Diff-IP2D is the first work using the devised denoising diffusion probabilistic model to jointly forecast future hand trajectories and object affordances with only 2D egocentric videos as input. It provides a foundation generative paradigm in the field of HOI prediction.

white: ours, blue: baseline, red: GT. Diff-IP2D generates plausible future hand waypoints and final hand positions (even if there is a large error in the early stage) with bidirectional constraints.

If you find our work helpful to your research, please cite our paper as

@article{ma2024diffip2d,
  title={Diff-IP2D: Diffusion-Based Hand-Object Interaction Prediction on Egocentric Videos},
  author={Ma, Junyi and Xu, Jingyi and Chen, Xieyuanli and Wang, Hesheng},
  journal={arXiv preprint arXiv:2405.04370},
  year={2024}}

1. Setup

Clone the repository (requires git):

git clone https://github.com/IRMVLab/Diff-IP2D.git
cd Diff-IP2D

Create the environment and install dependencies into it:

conda create -n diffip python=3.8 pip
conda activate diffip
pip install -r requirements.txt

2. Data Structure

We suggest using our proposed data structure for faster reproducing, which is posted here:

├── base_models
│   └── model.pth.tar
├── common
│   ├── epic-kitchens-100-annotations # from OCT or merged ourselves
│   │   ├── EPIC_100_test_timestamps.csv
│   │   ├── EPIC_100_test_timestamps.pkl
│   │   ├── EPIC_100_train.csv
│   │   ├── EPIC_100_train.pkl
│   │   ├── EPIC_100_train_val_test.csv
│   │   ├── EPIC_100_verb_classes.csv
│   │   ├── EPIC_100_video_info.csv
│   │   ├── actions.csv
│   │   └── ...
│   └── rulstm # raw rulstm repo
│       ├── FEATEXT
│       ├── FasterRCNN
│       └── RULSTM
├── data
│   ├── ek100 # manually generated ourselves or from OCT or from raw EK
│   │   ├── feats_train
│   │   │   ├── full_data_with_future_train_part1.lmdb
│   │   │   └── full_data_with_future_train_part2.lmdb
│   │   ├── feats_test
│   │   │   └── data.lmdb
│   │   ├── labels # 
│   │   │   ├── label_0.pkl
│   │   │   └── ...
│   │   ├── ek100_eval_labels.pkl
│   │   └── video_info.json
│   ├── raw_images # raw EPIC-KITCHENS dataset
│   │   └── EPIC-KITCHENS
│   ├── homos_train # auto generated when first running
│   ├── homos_test # auto generated when first running  
├── diffip_weights # auto generated when first saving checkpoints
│   ├── checkpoint_1.pth.tar
│   └── ...
├── collected_pred_traj # auto generated when first eval traj
├── collected_pred_aff # auto generated when first eval affordance
├── log # auto generated when first running
└── uid2future_file_name.pickle

3. Access to Required Files

Here we provide the links to access all the above-mentioned files that cannot be generated automatically by running scripts of this repo:

base_models/model.pth.tar: Base model from OCT [1].
common/epic-kitchens-100-annotations: Annotations from raw EK [2] and our mannually merged files.
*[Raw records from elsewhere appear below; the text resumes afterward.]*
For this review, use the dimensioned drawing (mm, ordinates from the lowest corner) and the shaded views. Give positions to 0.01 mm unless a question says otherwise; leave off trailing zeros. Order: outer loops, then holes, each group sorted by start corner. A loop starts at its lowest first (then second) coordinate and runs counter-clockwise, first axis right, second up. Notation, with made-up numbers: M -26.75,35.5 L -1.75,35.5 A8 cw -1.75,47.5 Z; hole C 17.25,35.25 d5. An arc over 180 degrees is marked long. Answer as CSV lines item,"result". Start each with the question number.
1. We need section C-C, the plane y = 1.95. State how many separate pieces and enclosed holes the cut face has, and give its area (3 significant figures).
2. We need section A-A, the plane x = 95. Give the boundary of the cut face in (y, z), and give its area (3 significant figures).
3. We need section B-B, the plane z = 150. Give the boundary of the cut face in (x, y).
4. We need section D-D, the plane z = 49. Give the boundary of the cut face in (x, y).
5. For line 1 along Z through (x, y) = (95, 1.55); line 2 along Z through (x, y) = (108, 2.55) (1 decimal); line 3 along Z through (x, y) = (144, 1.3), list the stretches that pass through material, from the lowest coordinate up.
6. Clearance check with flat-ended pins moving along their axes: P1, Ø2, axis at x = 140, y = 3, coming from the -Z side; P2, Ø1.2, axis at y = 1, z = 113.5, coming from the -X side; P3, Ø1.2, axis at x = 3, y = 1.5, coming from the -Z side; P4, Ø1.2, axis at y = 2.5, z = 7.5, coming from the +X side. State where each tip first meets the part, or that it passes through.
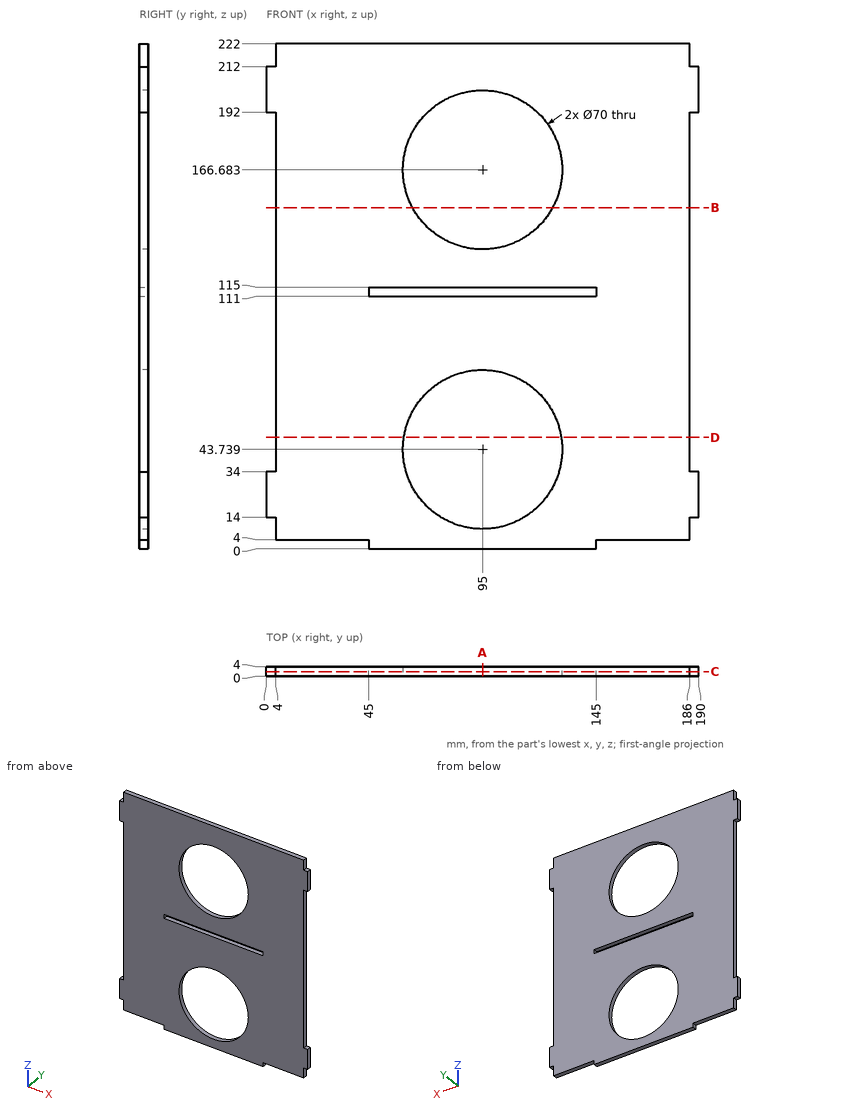
Result set:
1,separate pieces,"1"
1,enclosed holes,"3"
1,area,"32,300 mm2"
2,outline,"M 0,0 L 4,0 L 4,8.74 L 0,8.74 Z; M 0,78.74 L 4,78.74 L 4,111 L 0,111 Z; M 0,115 L 4,115 L 4,131.68 L 0,131.68 Z; M 0,201.68 L 4,201.68 L 4,222 L 0,222 Z"
2,area,"312 mm2"
3,outline,"M 4,0 L 64.23,0 L 64.23,4 L 4,4 Z; M 125.77,0 L 186,0 L 186,4 L 125.77,4 Z"
4,outline,"M 4,0 L 60.4,0 L 60.4,4 L 4,4 Z; M 129.6,0 L 186,0 L 186,4 L 129.6,4 Z"
5,line 1,"0 to 8.74, 78.74 to 111, 115 to 131.68, 201.68 to 222"
5,line 2,"0 to 11.2, 76.2 to 111, 115 to 134.2, 199.2 to 222"
5,line 3,"0 to 111, 115 to 222"
6,P1,"z = 0"
6,P2,"x = 4"
6,P3,"z = 14"
6,P4,"x = 186"

Please do not confuse this folder with the one provided by OCT [1].
common/rulstm: Original RULSTM [3] repo.
data/ek100/feats_train: Our mannually generated feature files for training our model.
data/ek100/feats_test: Feature files provided by OCT [1] for testing our model.
data/ek100/labels: Labels from OCT [1] for training models.
data/ek100/ek100_eval_labels.pkl: Labels from OCT [1] for affordance evaluation. Please refer to the original OCT folder.
data/ek100/video_info.json: Used video index.
data/raw_images: Original EK images [2]. Following the instructions in EK repo for downloading raw RGB images by python epic_downloader.py --rgb-frames since only raw images are required in Diff-IP2D.
uid2future_file_name.pickle: Indicator generated ourselves.

4. How to Use

We have released the deployment of Diff-IP2D on EK100. We are going to release relevant codes and data on EK55 and EG soon ...

4.1 Pretrained Weights

Version	Download link	Notes
1.1	OneDrive / Google Drive	pretrained on EK100 (two val)
1.2	OneDrive / Google Drive	pretrained on EK100 (one val)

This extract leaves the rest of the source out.